Guideline-Based Recommendations

Diagnosis

  • Use comprehensive clinical history and imaging request forms to guide MRI protocol selection.
  • Classify cases into categories (vascular, neoplasia, inflammation, degenerative, miscellaneous) to tailor protocols.

Management

  • Employ standardized imaging protocols for common clinical scenarios, with individualized adjustments for complex cases.
  • Consider AI tools such as LLMs to assist in protocol generation to reduce radiologist workload.

Monitoring & Follow-up

  • Evaluate inter-rater agreement on protocol sequences to ensure consistency and accuracy.
  • Monitor for protocol errors that may lead to repeat examinations.

Risks

  • Omission of critical MRI sequences can necessitate repeat scans, increasing patient burden and healthcare costs.
  • Excessive or unnecessary sequences may prolong scan time and increase exposure to contrast agents with potential adverse effects.

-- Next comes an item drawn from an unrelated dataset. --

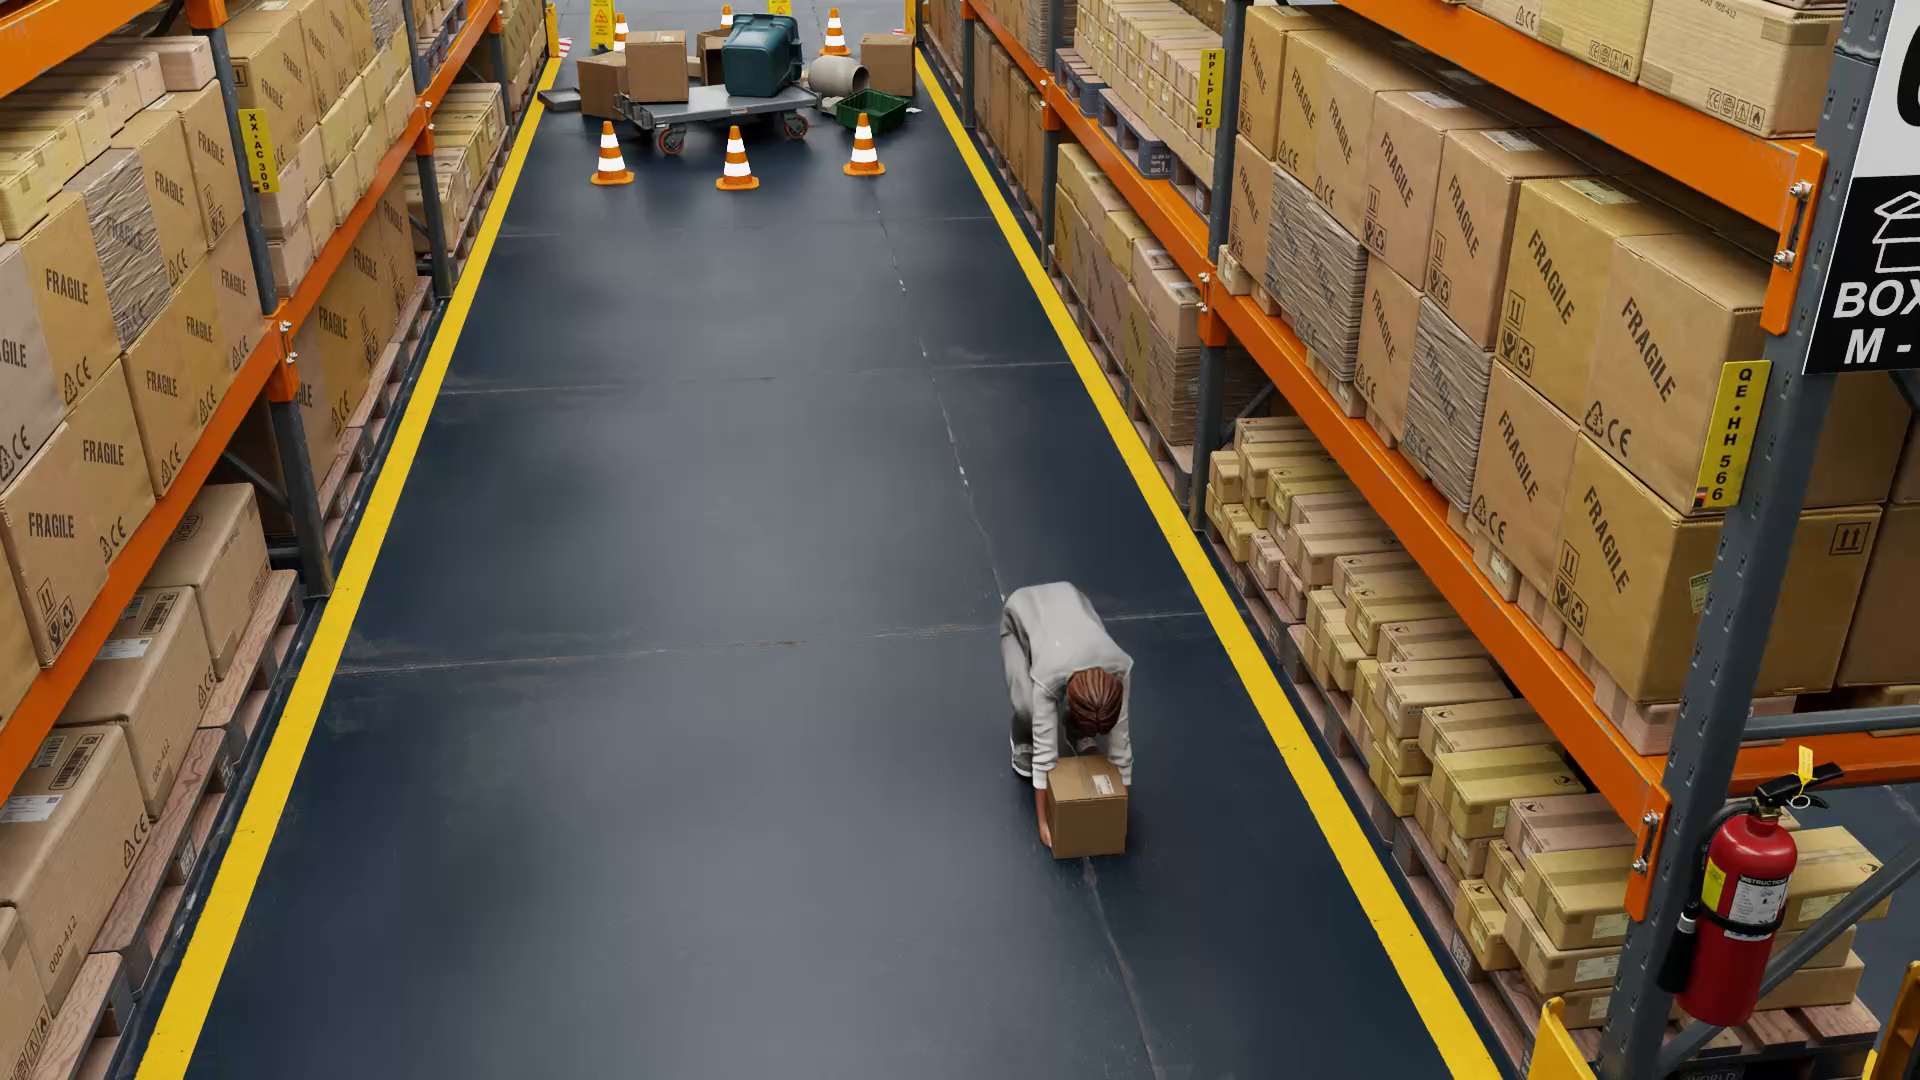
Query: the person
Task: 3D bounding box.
[{"bbox_3d":[0.385,0.587,5.990,0.421,0.738,0.873,-5,28,-9],"label":"person"}]
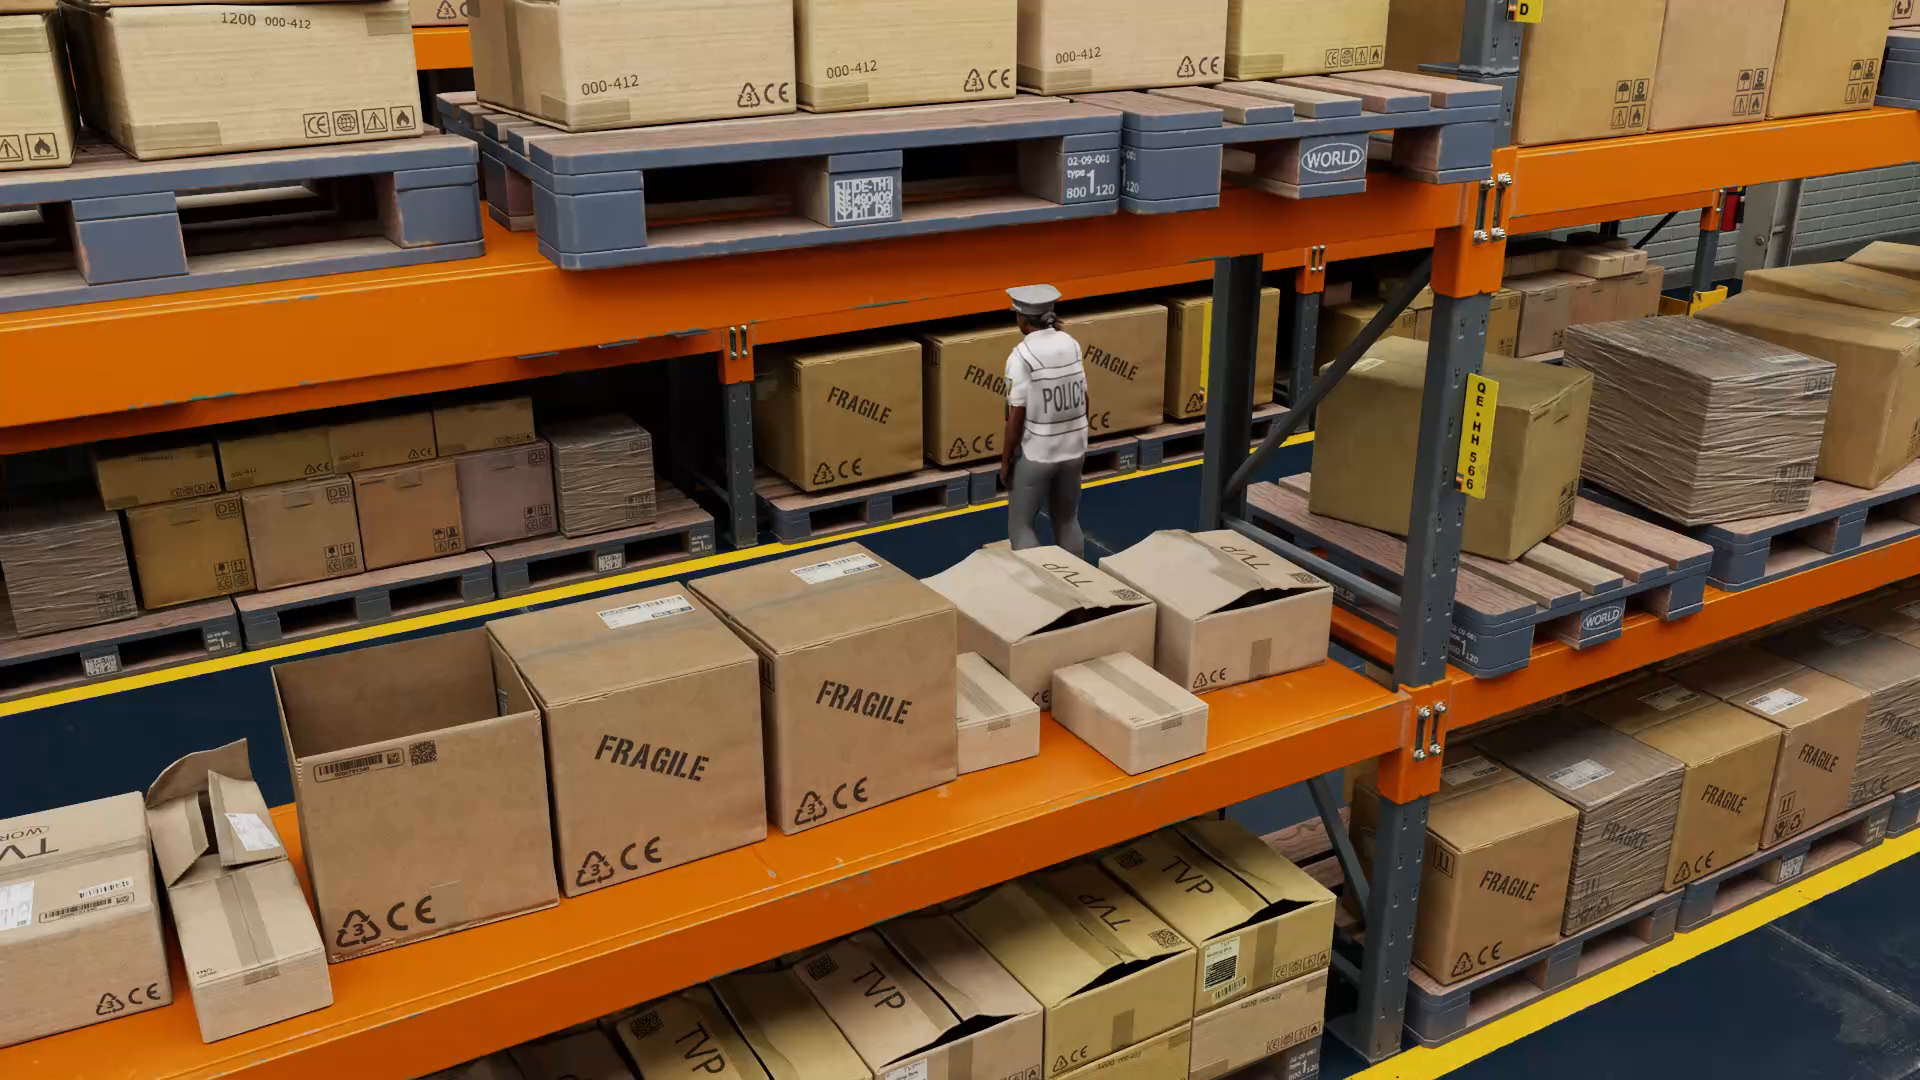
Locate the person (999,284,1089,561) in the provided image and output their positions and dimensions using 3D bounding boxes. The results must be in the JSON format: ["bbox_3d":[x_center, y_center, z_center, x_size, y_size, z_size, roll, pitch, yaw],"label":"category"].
[{"bbox_3d":[0.417,-0.422,8.139,0.524,1.658,0.395,-14,26,-31],"label":"person"}]

Patient & Prescribing Data

150 fictitious brain MRI cases based on anonymized real patient data representing typical and atypical clinical scenarios

LLMs can generate brain MRI protocols with varying accuracy; enhanced prompts with local standard protocols improve performance.

Clinical Best Practices

  • Ensure anonymization and ethical considerations when using patient data for AI model training and evaluation.
  • Use consensus by experienced neuroradiologists to establish reference protocols for validation of AI-generated protocols.
  • Incorporate in-context learning with local standard protocols and sequence explanations to enhance LLM output quality.
  • Apply structured output modes (e.g., JSON schema) for programmatic analysis and integration of AI-generated protocols.